応援団
聡のどこが好きなんだろう?笑顔……?結局顔かよ!後藤さんのようなカッコいいとは違うような…………うーん……。
今日の放課後は、応援団みんなで初顔合わせ。みんなヤル気0……。
「みんな、やるなら本気でやろうよ!どうせならカッコ良くやろう!!」
「えー!応援団なんてダセーよ!」
「これを見て見ろ~!めっちゃカッコいいわ!」
私は雅兄に携帯に入れてもらった動画をみんなに見せた。みんなの感想は、人それぞれで…………
「思ったよりカッコいいじゃん。」
「カッコいいか?これが?」
「よくわかんね~!」
田中、これ、まとめられんのか?という顔で田中の方を見た。田中は少し不気味な笑みを浮かべて言った。
「山下、山下はこれ、カッコいいって思うんだろ?」
「うん!すっごくカッコいいと思う!みんなもこんなにカッコ良くできるといいよね!」
「だってよ~!一般的な女子の意見としては、これ、カッコいいんだとよ。」
は!!そうか!!こうゆう事か!田中の策略が読めた気がした。『応援団はダセー、みんなやりたくない』それを、『やれば女子からモテる』に変えるためか!ただ、田中…………私が一般的かどうかは…………いや、一般的です!!一般的な女子です!!

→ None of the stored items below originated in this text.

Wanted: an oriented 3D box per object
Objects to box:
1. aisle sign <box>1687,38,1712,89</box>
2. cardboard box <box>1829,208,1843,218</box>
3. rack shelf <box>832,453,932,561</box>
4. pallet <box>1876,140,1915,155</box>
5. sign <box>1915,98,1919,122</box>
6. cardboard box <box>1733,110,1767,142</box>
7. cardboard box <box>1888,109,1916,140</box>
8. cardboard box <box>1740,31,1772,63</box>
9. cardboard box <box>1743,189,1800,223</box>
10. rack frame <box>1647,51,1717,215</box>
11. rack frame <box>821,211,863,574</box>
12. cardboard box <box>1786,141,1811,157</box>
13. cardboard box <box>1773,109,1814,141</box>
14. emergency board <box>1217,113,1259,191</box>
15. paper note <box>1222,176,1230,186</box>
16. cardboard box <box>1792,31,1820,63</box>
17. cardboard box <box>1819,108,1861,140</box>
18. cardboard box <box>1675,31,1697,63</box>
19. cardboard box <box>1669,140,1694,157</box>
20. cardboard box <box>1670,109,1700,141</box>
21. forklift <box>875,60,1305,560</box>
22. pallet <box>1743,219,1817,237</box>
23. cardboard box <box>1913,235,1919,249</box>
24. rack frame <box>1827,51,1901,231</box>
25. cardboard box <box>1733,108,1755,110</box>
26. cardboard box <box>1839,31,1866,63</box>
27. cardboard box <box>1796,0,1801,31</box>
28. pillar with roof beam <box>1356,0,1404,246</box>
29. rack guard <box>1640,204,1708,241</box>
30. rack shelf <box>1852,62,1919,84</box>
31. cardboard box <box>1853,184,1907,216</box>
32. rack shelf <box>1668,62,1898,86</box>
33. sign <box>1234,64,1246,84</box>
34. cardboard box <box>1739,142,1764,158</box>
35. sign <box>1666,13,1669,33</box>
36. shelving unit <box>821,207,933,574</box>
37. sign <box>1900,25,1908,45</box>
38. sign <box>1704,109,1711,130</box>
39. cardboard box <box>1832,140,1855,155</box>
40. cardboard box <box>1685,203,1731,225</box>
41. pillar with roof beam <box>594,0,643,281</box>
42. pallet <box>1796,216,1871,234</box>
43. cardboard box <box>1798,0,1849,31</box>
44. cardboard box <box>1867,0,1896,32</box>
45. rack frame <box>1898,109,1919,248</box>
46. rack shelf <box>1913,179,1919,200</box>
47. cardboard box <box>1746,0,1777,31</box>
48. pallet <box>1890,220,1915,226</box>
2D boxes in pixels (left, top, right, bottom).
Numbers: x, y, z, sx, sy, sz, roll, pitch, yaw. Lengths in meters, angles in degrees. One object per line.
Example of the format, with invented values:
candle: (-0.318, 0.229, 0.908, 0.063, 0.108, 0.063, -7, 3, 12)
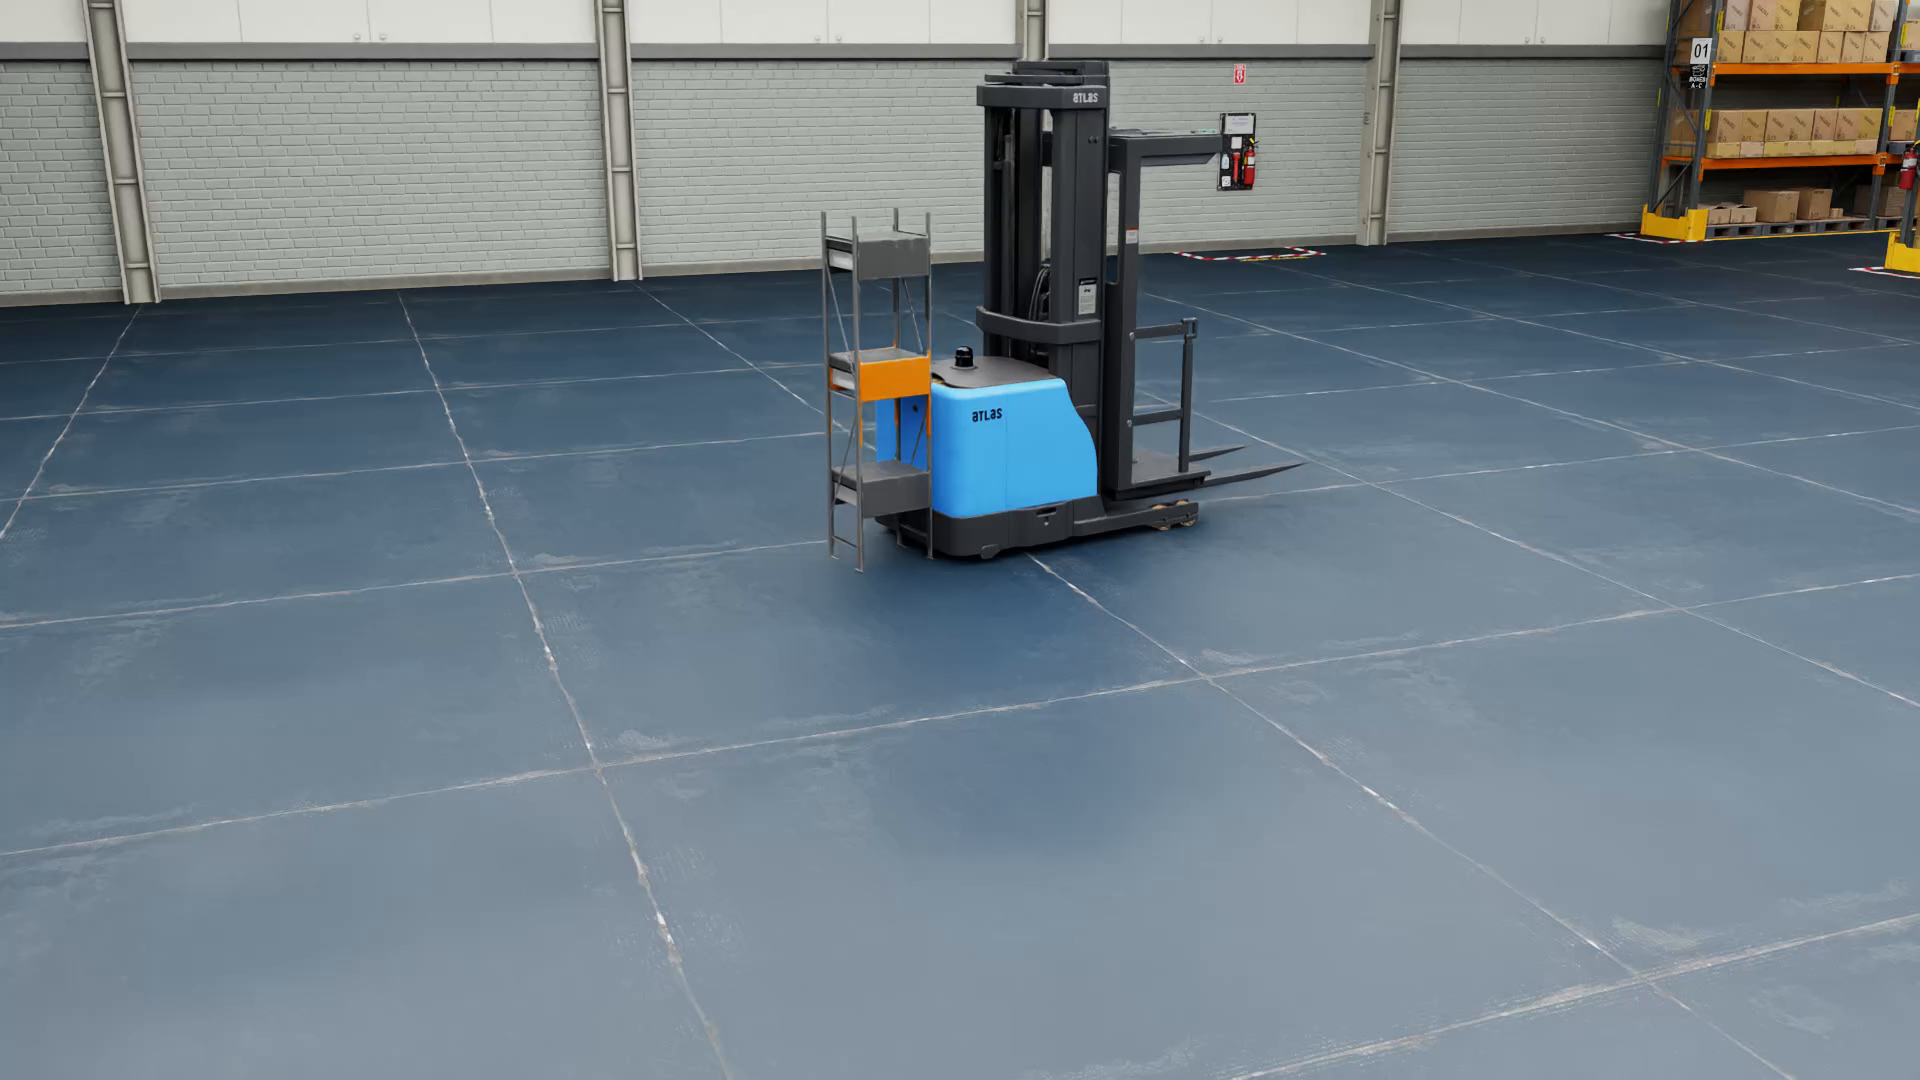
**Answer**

それから私は、本当に名ばかりの応援団長で、体育祭の雑用に追われた。
そんなある日…………奇跡が起こった!!
雅兄の同級生、応援団長の人!
「今日から教育実習生の受け入れが始まります。後藤先生、挨拶をどうぞ。」
「今日からお世話になります。警察官にだけはなるまいと思い、教師を目指しました。後藤啓司です。短い間ですがよろしくお願いします。」
いじられる前に、自己紹介で自分で言ってる……。動画より何だか……怖そうな感じ?後藤先生にアドバイスもらえたら、きっと応援団も絶対良くなるよね!
春の新しい出会いに何だかワクワクした。